Dans le souci de réglementer le secteur de transport routier en Guinée, le président par intérim de l’Union nationale des transporteurs routiers de guinée (UNTRG), Alpha Amadou Bah revient d’abord sur les difficultés avant de proposer des solutions pour le bon fonctionnement de ce secteur. C’est au cours d’un entretien qu’il a accordé à notre rédaction.
Bonjour monsieur, présentez-vous s’il vous plait
Je m’appelle Alpha Amadou Bah, le président par intérim de l’Union Nationale des Transporteurs Routiers de Guinée et premier vice coordinateur chargé des relations extérieures du comité de gestion.
Comment se porte votre structure ?
L’Union Nationale des Transporteurs Routiers de Guinée se porte très bien. Grâce à notre arrivée, il y a eu beaucoup de changements que nous avons réalisés pour montrer notre capacité et prouver aussi aux transporteurs ce que nous pouvons faire à l’intérêt des transporteurs routiers de Guinée et à l’ensemble des syndicats que nous sommes.
D’abord, on a mis en place un bureau composé de jeunes et de vieux. A l’arrivée du comité de gestion, on a jugé utile de faire certains changements. Il s’agit en premier lieu, de se promener dans toutes les 33 préfectures du pays, voir là où nous avons des représentants, puis les informer pour la mise en place des bureaux préfectoraux pour qu’on puisse organiser le congrès national.
A ce niveau, on a beaucoup avancé. Avant ça, quand le comité a été mis en place au palais du peuple devant tout le monde, le président national avait accepté de signer pour que le comité de gestion puisse connaître qu’il y avait le bureau national qui existait par le nom. C’était le président national El Cissé Souleymane qui fonctionnait à tout moment et à tous les postes. Donc, ce comité de gestion est venu au secours pour remplacer le bureau national pour faire fonctionner l’Union Nationale des Transporteurs Routiers de Guinée comme ça se doit.
On est en train de réviser le règlement intérieur de notre statut et notarié à la faveur de tous les transporteurs guinéens. Cette structure n’appartient ni pour une personne ni pour une famille. C’est pour tous les transporteurs routiers de Guinée.
Comment travaillez-vous avec le ministère des transports ?
En principe, l’Union Nationale des Transporteurs Routiers de Guinée doit avoir un bureau au niveau du ministère des transports qui nous représente à la Direction Nationale des Transports (DNT). Si vous voyez que le transport routier n’a pas été respecté en Guinée, c’est la faute du gouvernement. Quand il y a un contrat de transport, ils donnent des personnes qui n’ont même pas de véhicules, et qui ne sont pas des transporteurs aussi. Pire, qui ne sont pas même pas des Guinéens. C’est à ceux-là que le gouvernement donne le contrat pour la sous-traitante.
On a trois problèmes principaux dans le secteur du transport guinéen.
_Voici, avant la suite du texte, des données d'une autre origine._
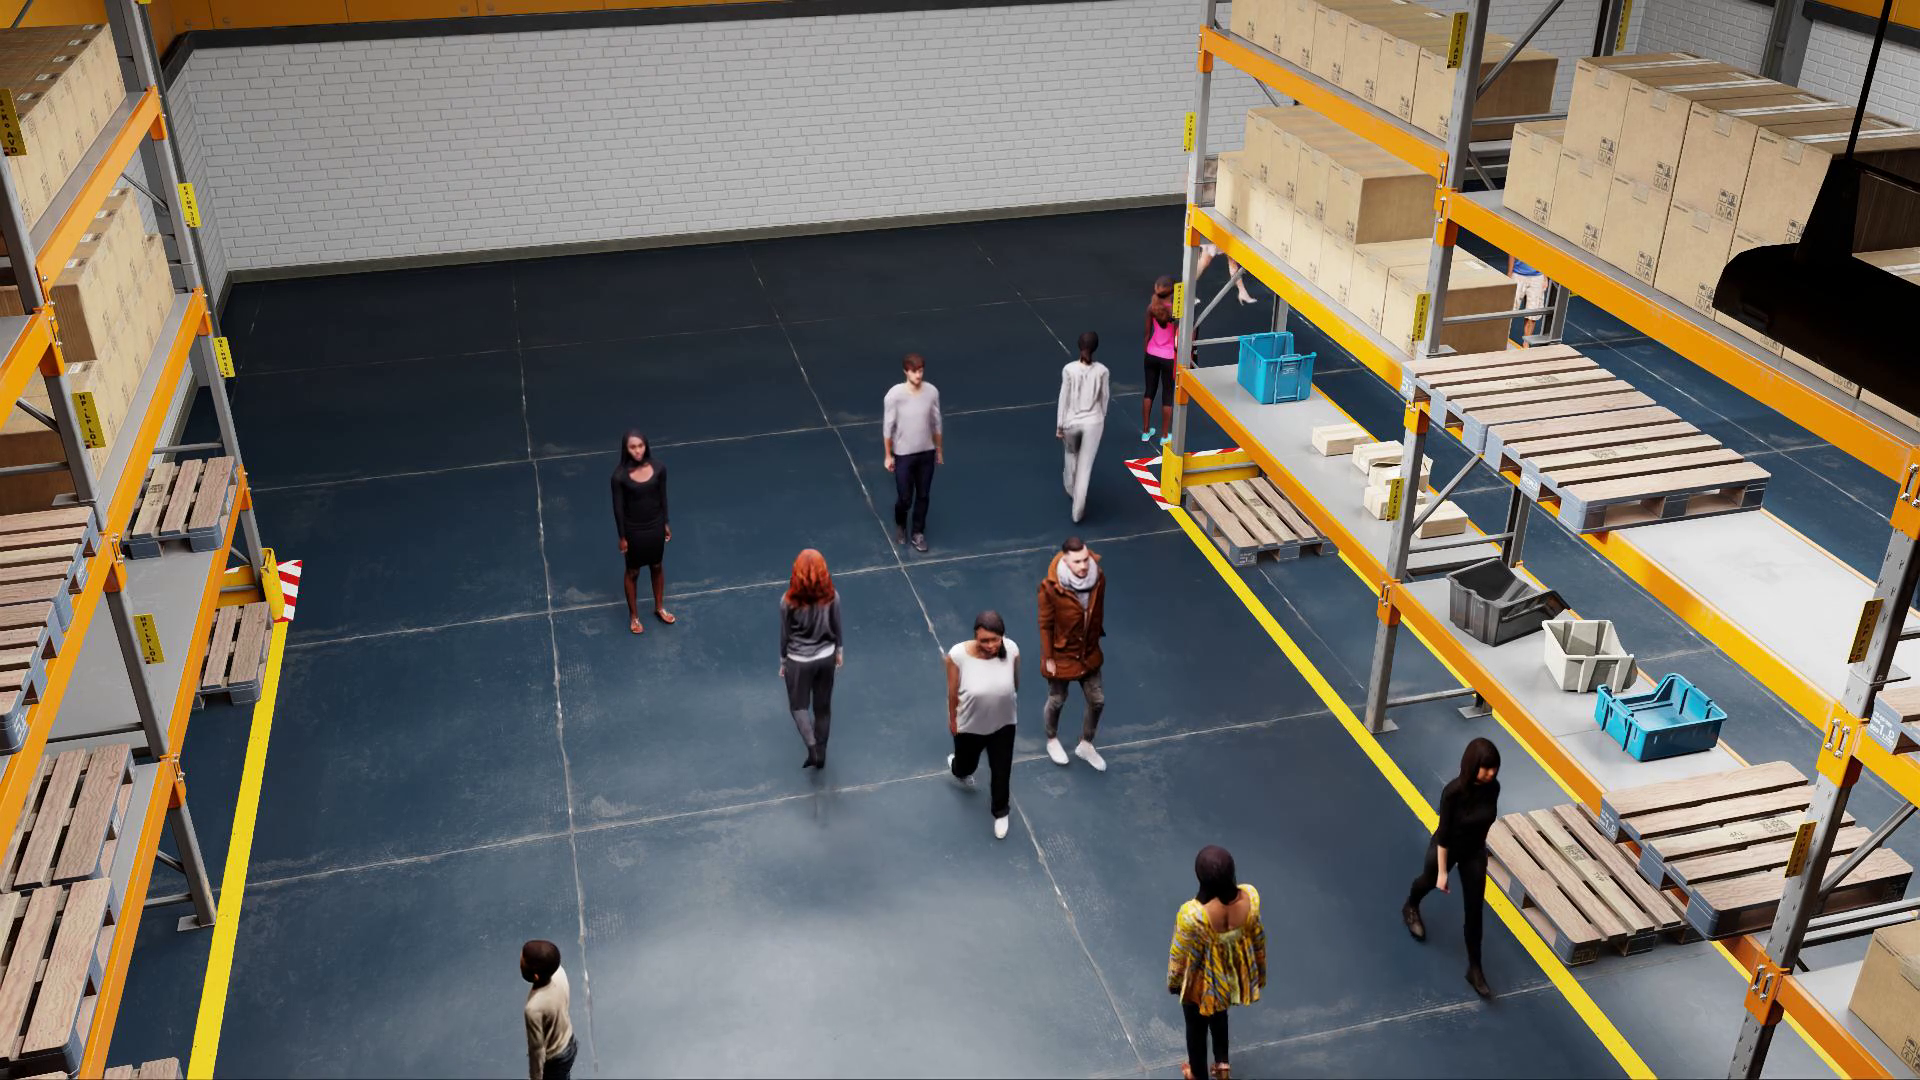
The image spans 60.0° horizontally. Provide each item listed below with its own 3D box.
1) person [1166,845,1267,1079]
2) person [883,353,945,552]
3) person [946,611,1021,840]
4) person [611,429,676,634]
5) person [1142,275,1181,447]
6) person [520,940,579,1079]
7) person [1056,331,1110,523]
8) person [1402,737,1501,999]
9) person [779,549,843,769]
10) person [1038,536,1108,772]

Le premier problème, ce sont les routes, le deuxième problème, quand on donne la Guinée 50 bus, on doit remettre çà à l’Union Nationale des Transporteurs Routiers de Guinée(UNTRG) en collaboration avec le ministère des transports qui doit s’organiser pour la gestion. Le gouvernement a géré plusieurs fois et le résultat est toujours négatif. Donc, nous demandons à l’Etat de nous essayer aussi, puisse que dans notre rang, tu peux voir une personne qui a plus de 50 camions et il gère ça sans tomber en faillite. Troisième problème, le gouvernement guinéen ne doit pas se déplacer aller négocier pour des véhicules à l’extérieur sans associer la fédération patronale des transports de l’union nationale. C’est nous qui utilisons ces véhicules. C’est nous qui savons les meilleures qualités.
Quelle est la solution que vous envisagez pour la bonne marche du secteur de transports en Guinée ?
Pour la bonne marche du secteur de transport dans notre pays, nous demandons à tous les transporteurs d’adhérer à une structure syndicale, prendre leur carte de membres et surtout de payer leur cotisation. Parce que ce sont les cotisations qui font fonctionner une structure syndicale.
Quelle analyse faites-vous de la situation politique dans notre pays ?
Nous, la politique ne nous intéresse pas. Mais, ce que je vais dire aux politiciens, c’est d’accepter les résultats sortis des urnes. Je leur demande aussi de prôner la paix et quiétude sociale. La guerre n’arrange rien, sans la paix pas de développement.